Architecture Overview
┌─────────────────────────────────────────────────────────────┐
│ HTML Generation System │
├─────────────────────────────────────────────────────────────┤
│ Factory Pattern │
│ ├── HTMLGeneratorFactory │
│ └── Source-specific Generator Instances │
├─────────────────────────────────────────────────────────────┤
│ Base System │
│ ├── BaseHTMLGenerator (Abstract) │
│ ├── Base Templates ({{}} syntax) │
│ └── Configuration Schema │
├─────────────────────────────────────────────────────────────┤
│ Source-Specific Implementations │
│ ├── htmlgen/hn/ │
│ │ ├── config.yaml │
│ │ ├── generator.py │
│ │ └── templates/ (overrides) │
│ ├── htmlgen// │
│ └── htmlgen/lb/ │
└─────────────────────────────────────────────────────────────┘
Key Features
1. Configuration-Driven Behavior
# htmlgen/hn/config.yaml
comments:
enabled: true
pattern: '\*\*Anonymous\*\*\s*\(\[profile\]\([^)]*\)\)'
conditional_display: true
navigation:
breadcrumb_style: "technical"
date_format: "YYYY-MM-DD"
layout:
template_set: "base"
custom_css_classes:
- "hn-style"
- "tech-focused"
2. Template System with Override Capability
Base Templates htmlgen/base/templates/ using clean {{}} syntax
Source Overrides htmlgen/[source]/templates/ for custom layouts
Fallback Logic Jinja2 with string replacement fallback
3. Privacy-Compliant Comment Processing
def count_comments(self, comments_file: Path) -> int:
pattern = self.source_config['comments']['pattern']
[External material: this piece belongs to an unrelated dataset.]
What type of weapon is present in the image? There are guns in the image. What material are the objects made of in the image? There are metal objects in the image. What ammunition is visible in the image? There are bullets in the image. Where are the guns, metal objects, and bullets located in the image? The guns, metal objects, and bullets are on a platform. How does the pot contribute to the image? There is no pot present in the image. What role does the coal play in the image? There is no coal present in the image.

matches = re.findall(pattern, content)
return len(matches)
4. Validation and Testing
JSON Schema validation for all configurations
Comprehensive test suite with 100% pass rate
Source-specific pattern validation
Benefits
Maintainability No more monolithic conditional logic
Extensibility Easy to add new sources with YAML config
Consistency Standardized configuration schema
Privacy Built-in anonymization pattern support
Performance Template caching and optimization
Testing Isolated testing per source
Usage Example
# Automatic factory instantiation
generator = HTMLGeneratorFactory.create_generator("hn")
# Source-specific behavior from config
comment_count = generator.count_comments(comments_file)
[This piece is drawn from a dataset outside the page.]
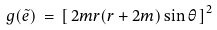Convert formula to latex. <formula><loc_0><loc_0><loc_500><loc_500>g ( \tilde { e } ) \, = \, \left [ \, 2 m r ( r + 2 m ) \sin \theta \, \right ] ^ { 2 }</formula> 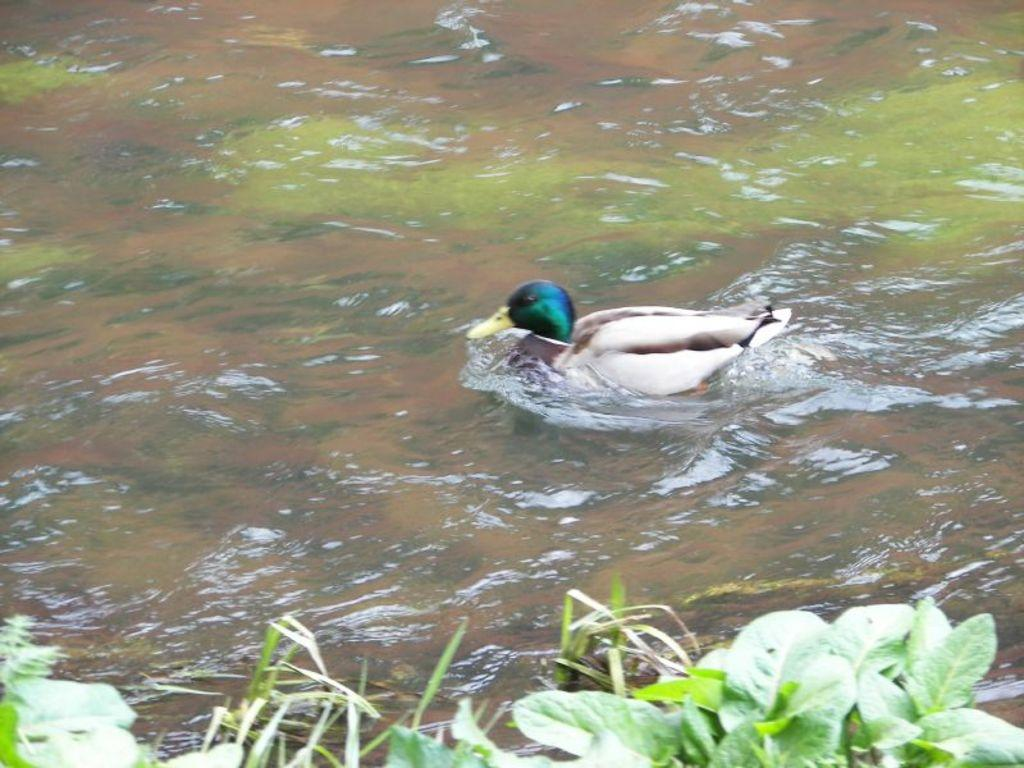What type of animal can be seen in the image? There is a bird in the image. Where is the bird located? The bird is on the water. In which direction is the bird facing? The bird is facing towards the left side. What can be seen at the bottom of the image? There are plants visible at the bottom of the image. How far away is the chicken from the bird in the image? There is no chicken present in the image, so it is not possible to determine the distance between a chicken and the bird.

should_show = generator.should_show_comment_link(comment_count)
# Template rendering with source customization
html_content = generator.render_template("article.html", context)
Privacy & Anonymization Architecture
Comment Processing Pipeline
Collection Comments fetched from source APIs
Anonymization Usernames replaced with "Anonymous"
Link Preservation Profile URLs preserved for reference
Pattern Recognition Source-specific regex patterns match anonymized format
HTML Generation Templates render privacy-compliant output
Legal Compliance Features
No personal username storage
Anonymous-only display in all outputs
Functional profile links preserved
Transparent privacy policy
Source attribution maintained
Design Principles
Separation of Concerns Config vs logic clearly separated
Single Responsibility Each component has focused purpose
Open/Closed Open for extension, closed for modification
DRY No code duplication across sources
Performance Session pooling and connection optimization
Testability Comprehensive testing at all levels
Maintainability Clear patterns and documentation
Privacy by Design Built-in anonymization and compliance
Template Modularity Reusable components with override capability
This architecture provides the foundation for scalable, maintainable news source management with optimal performance characteristics.